More recently, in 2020, the authors of the LIBRE project [25] conducted a groundbreaking study where they tested several LiDAR sensors in a controlled weather chamber under conditions of rain and fog. This experimental approach provided valuable information on the performance of different LiDAR models in the face of challenging weather scenarios. The results of this study proved instrumental in identifying the strengths and weaknesses of individual sensors, providing a clearer understanding of their robustness in real-world conditions. These findings not only contribute to the ongoing development of more weather-resistant LiDAR technology, but also emphasize the importance of rigorous testing under adverse environmental conditions to ensure the reliability of autonomous systems in all weather scenarios.

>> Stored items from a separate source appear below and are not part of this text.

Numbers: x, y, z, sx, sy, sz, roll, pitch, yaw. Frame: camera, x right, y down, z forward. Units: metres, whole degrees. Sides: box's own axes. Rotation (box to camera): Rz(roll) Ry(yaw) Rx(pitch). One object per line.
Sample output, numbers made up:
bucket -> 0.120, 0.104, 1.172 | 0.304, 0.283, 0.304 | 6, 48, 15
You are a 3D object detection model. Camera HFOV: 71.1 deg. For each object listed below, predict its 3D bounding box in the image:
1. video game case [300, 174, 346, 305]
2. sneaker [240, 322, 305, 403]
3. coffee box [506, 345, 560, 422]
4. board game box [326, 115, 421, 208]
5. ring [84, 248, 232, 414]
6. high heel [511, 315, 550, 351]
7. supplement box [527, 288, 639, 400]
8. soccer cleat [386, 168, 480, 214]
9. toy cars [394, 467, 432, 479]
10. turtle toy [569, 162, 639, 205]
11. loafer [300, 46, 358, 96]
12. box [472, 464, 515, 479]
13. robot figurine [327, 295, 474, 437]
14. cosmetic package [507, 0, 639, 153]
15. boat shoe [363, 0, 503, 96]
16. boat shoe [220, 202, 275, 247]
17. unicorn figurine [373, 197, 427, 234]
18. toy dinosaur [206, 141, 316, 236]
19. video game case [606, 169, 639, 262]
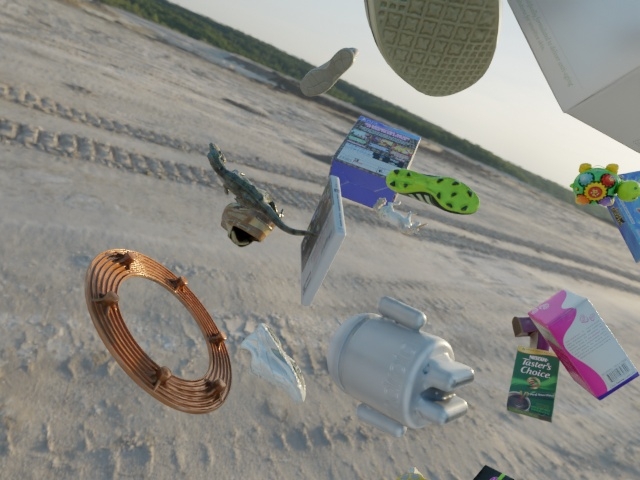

2.2. Point Cloud Semantic Segmentation

Semantic segmentation of point clouds aims to assign semantic labels to preprocessed, disorganized data collected by sensors. Existing approaches can be broadly categorized into four groups: raw point-based methods, projection-based methods, graph-model-based methods, and voxelization-based methods.
Raw point-based methods operate directly on irregular point clouds. Some researchers [26,27,28,29] introduced a framework that extracts point features using multilayer perceptrons (MLPs) and aggregates global features via symmetric functions. KPConv [30], proposed by Thomas et al., developed a kernel point convolution mechanism, where convolution kernels are defined as a set of weighted kernel points with specified influence radii. To address anisotropic filtering of point clouds, STPC [31] introduced a spatially transformed point convolution along with a spatial direction dictionary to better capture geometric structures.
Projection-based methods project 3D data onto 2D planes for subsequent segmentation using conventional image processing techniques [29,32]. Although efficient, these approaches often fail to fully exploit the inherent 3D structural information. To mitigate the non-uniform distribution of LiDAR points, end-to-end learning techniques using polarized bird’s-eye-view representations were introduced [33]. Spatially adaptive convolution (SAC) [34] was further proposed to address feature distribution disparities in different image regions.
Graph-model-based methods leverage graph representations to capture local and global relationships among points [35]. Point convolution and pooling operations [34] were combined with graph structures to build point cloud feature-learning networks. In addition, to tackle hyperspectral image segmentation, feature fusion networks were designed to simultaneously learn spectral features and spatial clustering.
Voxelization-based methods transform point clouds into dense grids to facilitate convolutional operations [29,36,37]. However, voxelization can be computationally expensive because ofe of data sparsity. To address this, sparse convolutional networks such as MinkowskiNet [38] were developed, offering efficient 3D video processing. For fine-grained recognition of small objects like pedestrians and bicycles, sparse point voxel convolution techniques and 3D neural architecture search (3D-NAS) [39] were proposed. Moreover, Cylinder3D introduced a framework combining cylindrical coordinate voxel partitioning with an asymmetric 3D convolutional network for LiDAR segmentation [40].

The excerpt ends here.